*What you are asked to do*.
Reproduce the records below exactly, leaving out any pictures.

*Data for review*.
____
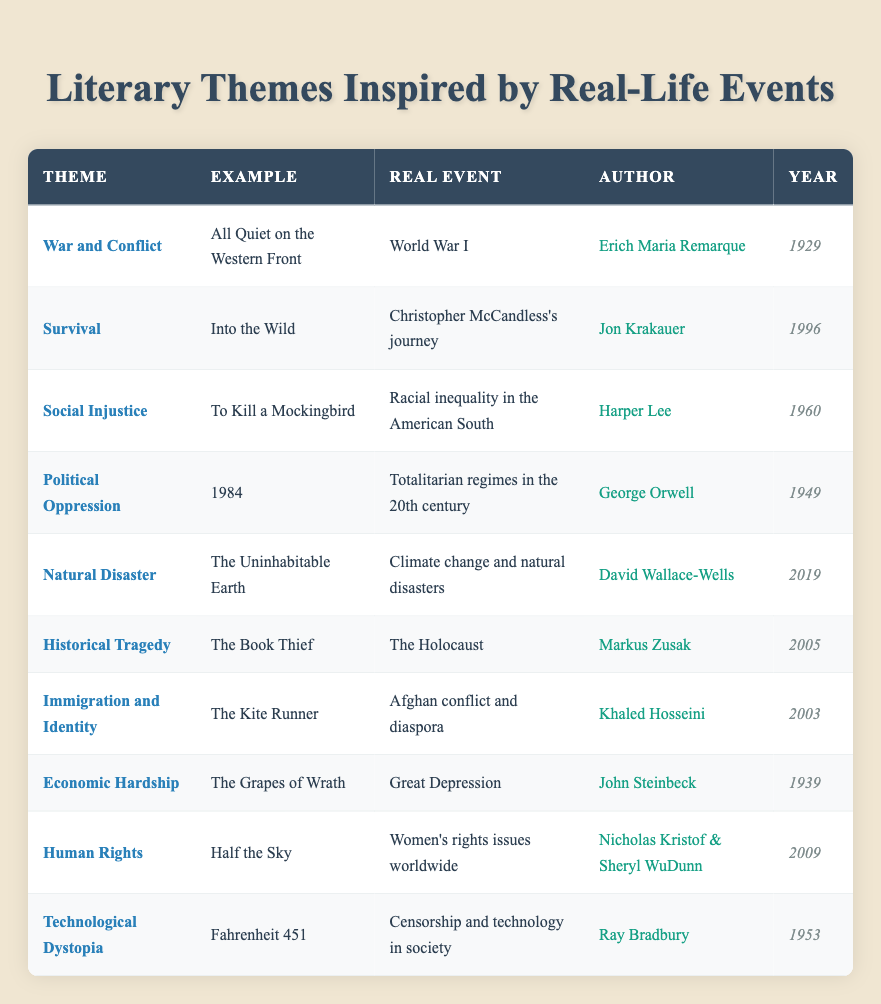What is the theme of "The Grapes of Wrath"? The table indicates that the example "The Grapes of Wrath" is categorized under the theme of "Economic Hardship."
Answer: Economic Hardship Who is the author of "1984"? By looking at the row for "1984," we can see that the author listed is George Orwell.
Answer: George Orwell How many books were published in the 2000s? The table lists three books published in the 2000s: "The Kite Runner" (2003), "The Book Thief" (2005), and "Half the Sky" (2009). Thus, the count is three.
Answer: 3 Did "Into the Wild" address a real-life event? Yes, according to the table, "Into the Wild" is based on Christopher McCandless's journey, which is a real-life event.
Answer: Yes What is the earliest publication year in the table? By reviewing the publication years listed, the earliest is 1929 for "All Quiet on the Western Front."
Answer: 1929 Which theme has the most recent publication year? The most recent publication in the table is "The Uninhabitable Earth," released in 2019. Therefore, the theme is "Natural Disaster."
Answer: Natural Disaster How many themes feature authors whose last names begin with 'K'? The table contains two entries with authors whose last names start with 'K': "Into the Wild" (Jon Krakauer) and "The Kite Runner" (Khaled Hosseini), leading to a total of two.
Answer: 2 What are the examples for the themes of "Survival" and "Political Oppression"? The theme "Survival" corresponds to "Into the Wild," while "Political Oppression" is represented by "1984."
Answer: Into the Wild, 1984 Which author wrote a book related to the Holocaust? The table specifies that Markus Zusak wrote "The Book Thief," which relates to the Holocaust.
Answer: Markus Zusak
____
*Exercise solution*.
What is the theme of "The Grapes of Wrath"? The table indicates that the example "The Grapes of Wrath" is categorized under the theme of "Economic Hardship."
Answer: Economic Hardship Who is the author of "1984"? By looking at the row for "1984," we can see that the author listed is George Orwell.
Answer: George Orwell How many books were published in the 2000s? The table lists three books published in the 2000s: "The Kite Runner" (2003), "The Book Thief" (2005), and "Half the Sky" (2009). Thus, the count is three.
Answer: 3 Did "Into the Wild" address a real-life event? Yes, according to the table, "Into the Wild" is based on Christopher McCandless's journey, which is a real-life event.
Answer: Yes What is the earliest publication year in the table? By reviewing the publication years listed, the earliest is 1929 for "All Quiet on the Western Front."
Answer: 1929 Which theme has the most recent publication year? The most recent publication in the table is "The Uninhabitable Earth," released in 2019. Therefore, the theme is "Natural Disaster."
Answer: Natural Disaster How many themes feature authors whose last names begin with 'K'? The table contains two entries with authors whose last names start with 'K': "Into the Wild" (Jon Krakauer) and "The Kite Runner" (Khaled Hosseini), leading to a total of two.
Answer: 2 What are the examples for the themes of "Survival" and "Political Oppression"? The theme "Survival" corresponds to "Into the Wild," while "Political Oppression" is represented by "1984."
Answer: Into the Wild, 1984 Which author wrote a book related to the Holocaust? The table specifies that Markus Zusak wrote "The Book Thief," which relates to the Holocaust.
Answer: Markus Zusak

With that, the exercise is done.